On the lefthand side of the monastery you is the Bell Tower, and if you're lucky you might be able to hear them ring before the prayer. A well-known Jerusalem anecdote says that the tower is actually called Bobby, like the nickname of British policemen. The dome of the tower looks like a hat of a British policeman, the clock is the nose, and the windows from two sides are the eyes. A bit lower a triangular mustache and a mouth. A Few steps to the left, and Bobby changes his face – two clocks become eyes, and the window under them – a nose. On top of Bobby's head is a Jewish metal rooster, probably a kosher one. The rooster is the work of a Jewish blacksmith, who got a special order from the church in 1909. Why a rooster you may ask? According to the New Testament, Jesus Christ told his disciples that until the call of the rooster at dawn, Peter will betray him. The monastery is open for visitors.
Who else was here on the roof? In 1992, David Koresh and 86 of his disciples committed mass-suicide in Texas, USA, after a long battle with FBI agents. Koresh, who claimed to be the messiah, was a guitarist and a singer, who filmed video clips on this roof (at least two of them available online). After he came back to the US, he gathered weapon in a ranch in Texas and prepared himself and his disciples for the Armageddon. The unfortunate end is known.

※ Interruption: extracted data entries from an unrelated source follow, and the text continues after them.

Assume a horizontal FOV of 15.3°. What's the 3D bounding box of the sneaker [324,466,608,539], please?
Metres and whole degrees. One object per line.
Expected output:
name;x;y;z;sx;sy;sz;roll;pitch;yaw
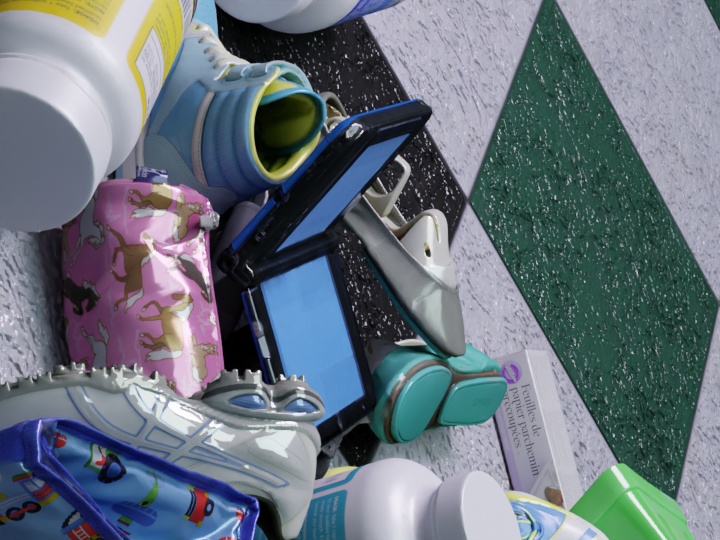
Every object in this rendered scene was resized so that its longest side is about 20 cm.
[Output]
sneaker;0.060;0.170;1.651;0.105;0.199;0.076;81;19;-88

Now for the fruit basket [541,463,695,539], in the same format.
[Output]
fruit basket;0.122;0.211;1.781;0.155;0.215;0.216;36;43;-59

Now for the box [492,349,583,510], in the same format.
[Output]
box;0.137;0.159;1.978;0.041;0.039;0.201;5;69;-63

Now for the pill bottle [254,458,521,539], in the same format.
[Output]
pill bottle;-0.012;0.171;1.501;0.111;0.199;0.111;40;40;-45

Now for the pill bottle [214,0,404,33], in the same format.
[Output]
pill bottle;-0.029;-0.222;1.825;0.200;0.112;0.112;-28;98;-64

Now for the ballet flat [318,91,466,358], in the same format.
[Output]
ballet flat;0.019;-0.034;1.778;0.200;0.064;0.067;51;15;10

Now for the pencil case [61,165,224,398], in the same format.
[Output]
pencil case;-0.116;0.047;1.507;0.083;0.086;0.201;10;66;-46

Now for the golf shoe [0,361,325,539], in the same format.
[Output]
golf shoe;-0.115;0.100;1.407;0.199;0.078;0.098;3;77;-15

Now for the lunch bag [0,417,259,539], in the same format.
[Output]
lunch bag;-0.165;0.128;1.290;0.200;0.150;0.094;41;39;-46

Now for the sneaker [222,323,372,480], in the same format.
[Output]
sneaker;-0.050;0.093;1.632;0.104;0.060;0.200;62;20;-13

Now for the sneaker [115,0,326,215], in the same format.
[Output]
sneaker;-0.077;-0.115;1.643;0.080;0.130;0.201;40;39;-44

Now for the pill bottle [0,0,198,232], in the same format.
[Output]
pill bottle;-0.166;-0.118;1.494;0.114;0.114;0.200;57;30;-27

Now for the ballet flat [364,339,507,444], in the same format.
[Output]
ballet flat;0.033;0.077;1.813;0.068;0.070;0.200;-64;159;10

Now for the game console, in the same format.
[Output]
game console;0.000;0.000;1.615;0.118;0.171;0.200;44;15;5

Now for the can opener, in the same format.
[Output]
can opener;-0.089;-0.024;1.669;0.067;0.053;0.200;30;37;-7
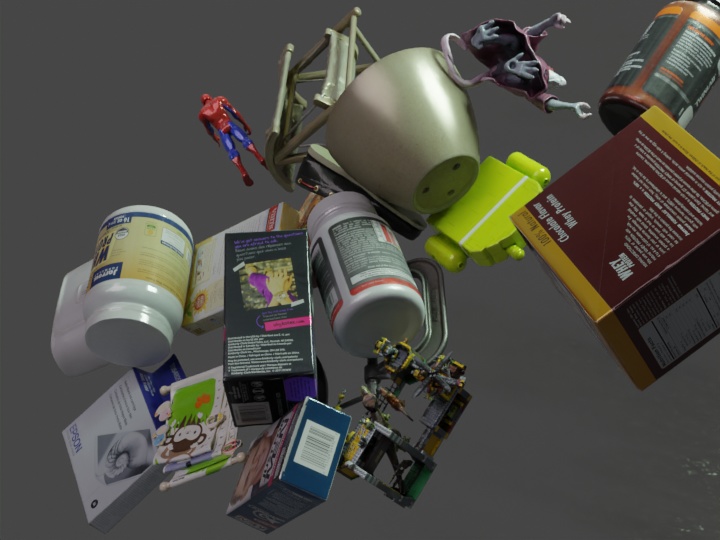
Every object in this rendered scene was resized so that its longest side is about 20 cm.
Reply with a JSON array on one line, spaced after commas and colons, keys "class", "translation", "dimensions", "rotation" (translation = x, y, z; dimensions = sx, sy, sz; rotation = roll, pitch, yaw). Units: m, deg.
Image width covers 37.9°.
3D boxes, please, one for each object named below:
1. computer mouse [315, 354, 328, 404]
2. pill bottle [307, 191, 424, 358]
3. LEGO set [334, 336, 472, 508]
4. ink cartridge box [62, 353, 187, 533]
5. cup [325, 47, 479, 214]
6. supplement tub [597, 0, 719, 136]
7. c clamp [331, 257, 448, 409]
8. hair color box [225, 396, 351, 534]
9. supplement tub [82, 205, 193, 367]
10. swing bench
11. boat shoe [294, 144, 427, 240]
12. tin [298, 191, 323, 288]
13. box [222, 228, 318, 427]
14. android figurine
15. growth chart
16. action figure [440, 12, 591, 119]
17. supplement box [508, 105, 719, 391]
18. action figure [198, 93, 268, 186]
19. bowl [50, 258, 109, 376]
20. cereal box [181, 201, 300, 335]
[{"class": "computer mouse", "translation": [-0.107, 0.120, 1.341], "dimensions": [0.200, 0.052, 0.140], "rotation": [51, 127, 44]}, {"class": "pill bottle", "translation": [0.000, 0.000, 1.304], "dimensions": [0.115, 0.116, 0.201], "rotation": [-32, 45, 12]}, {"class": "LEGO set", "translation": [0.025, 0.158, 1.171], "dimensions": [0.201, 0.116, 0.153], "rotation": [-52, 43, -2]}, {"class": "ink cartridge box", "translation": [-0.316, 0.228, 1.459], "dimensions": [0.200, 0.041, 0.200], "rotation": [-42, 40, 1]}, {"class": "cup", "translation": [0.073, -0.158, 1.335], "dimensions": [0.199, 0.200, 0.144], "rotation": [-37, 59, 6]}, {"class": "supplement tub", "translation": [0.378, -0.246, 1.259], "dimensions": [0.106, 0.107, 0.201], "rotation": [22, 71, 47]}, {"class": "c clamp", "translation": [0.034, 0.073, 1.321], "dimensions": [0.169, 0.027, 0.202], "rotation": [-18, 47, 27]}, {"class": "hair color box", "translation": [-0.085, 0.224, 1.186], "dimensions": [0.200, 0.060, 0.101], "rotation": [-46, 22, 57]}, {"class": "supplement tub", "translation": [-0.323, 0.023, 1.525], "dimensions": [0.143, 0.144, 0.202], "rotation": [-20, 47, 24]}, {"class": "swing bench", "translation": [-0.059, -0.259, 1.606], "dimensions": [0.198, 0.130, 0.201], "rotation": [-19, 46, 26]}, {"class": "boat shoe", "translation": [0.000, -0.096, 1.428], "dimensions": [0.200, 0.074, 0.064], "rotation": [33, 106, 15]}, {"class": "tin", "translation": [-0.045, -0.063, 1.496], "dimensions": [0.111, 0.042, 0.202], "rotation": [8, 61, 47]}, {"class": "box", "translation": [-0.106, 0.067, 1.241], "dimensions": [0.104, 0.123, 0.202], "rotation": [-3, 55, -2]}, {"class": "android figurine", "translation": [0.163, -0.074, 1.332], "dimensions": [0.182, 0.041, 0.200], "rotation": [-46, 37, -5]}, {"class": "growth chart", "translation": [-0.213, 0.201, 1.367], "dimensions": [0.143, 0.018, 0.201], "rotation": [-26, 37, 11]}, {"class": "action figure", "translation": [0.210, -0.249, 1.354], "dimensions": [0.147, 0.199, 0.136], "rotation": [-13, 85, 23]}, {"class": "supplement box", "translation": [0.302, -0.026, 1.108], "dimensions": [0.199, 0.133, 0.198], "rotation": [-37, 41, 6]}, {"class": "action figure", "translation": [-0.208, -0.215, 1.749], "dimensions": [0.065, 0.099, 0.201], "rotation": [-36, 63, 1]}, {"class": "bowl", "translation": [-0.412, 0.051, 1.667], "dimensions": [0.198, 0.075, 0.202], "rotation": [-24, 43, 23]}, {"class": "cereal box", "translation": [-0.173, 0.000, 1.507], "dimensions": [0.198, 0.039, 0.146], "rotation": [-21, 51, 38]}]
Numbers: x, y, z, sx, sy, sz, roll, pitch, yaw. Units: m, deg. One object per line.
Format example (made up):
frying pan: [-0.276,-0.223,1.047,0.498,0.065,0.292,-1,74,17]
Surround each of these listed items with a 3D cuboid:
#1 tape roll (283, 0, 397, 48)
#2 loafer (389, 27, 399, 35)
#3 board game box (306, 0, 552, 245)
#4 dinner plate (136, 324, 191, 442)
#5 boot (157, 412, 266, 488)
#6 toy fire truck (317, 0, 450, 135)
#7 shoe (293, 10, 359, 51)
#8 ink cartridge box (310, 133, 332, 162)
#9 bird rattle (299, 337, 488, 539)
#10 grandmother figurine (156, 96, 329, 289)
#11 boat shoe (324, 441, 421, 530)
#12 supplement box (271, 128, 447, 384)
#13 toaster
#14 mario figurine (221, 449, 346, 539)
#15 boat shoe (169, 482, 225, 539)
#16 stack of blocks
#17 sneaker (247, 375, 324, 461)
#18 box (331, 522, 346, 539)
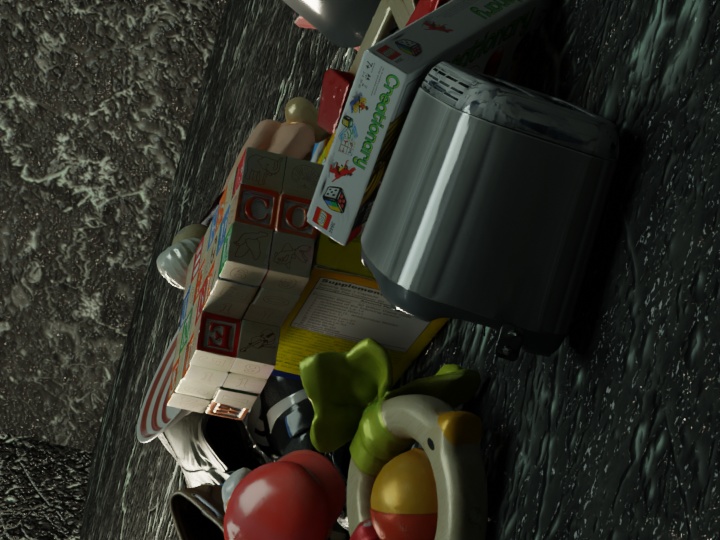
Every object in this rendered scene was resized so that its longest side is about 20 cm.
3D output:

The Original Painting by Da Vinci
The exit will lead you towards the Hall of the Last Supper, also called the Cenacle. The Cenacle is a Crusader building from the 12th century. Notice the impressive arches and Mihrab towards Mecca, since this place was also previously used as a mosque.
When entering, you will see a Crusader column decorated with Falcon birds. Every bird has chicks pecking its belly. In many paintings, Jesus is portrayed as a rooster with chicks (his disciples), and sometimes as an innocent lamb led to slaughter. Here, the Falcon represents Jesus, and the chicks are his believers, who bite his flash for their own sake.
According to tradition, in this hall Jesus ate the last Passover Seder before he was crucified. Here he gave his disciples to drink the wine, symbolizing his blood, and eat the bread, symbolizing his flesh. To this day, this ceremony is recognized in Christianity as the Mass, as well as the famous painting of Leonardo Da Vinci. The Pope visited here in 1966, granting Israel the permission to pave the road from the Sultan’s Pool back here, despite the Jordanian border lying nearby at the time.
Apart from where we visited, Mount Zion has many other interesting places: the grave of Oscar Schindler, the Church of St. Peter in Gallicantu, and a few interesting cemeteries, spread around Mount Zion.
We also recommend visiting the place at night. Although the monastery, the tomb and the Last Supper hall usually close when it gets dark, there is no comparison to the beauty of Mount Zion lighted at nightfall, and to the observation point from the roof watching over the entire city of Jerusalem.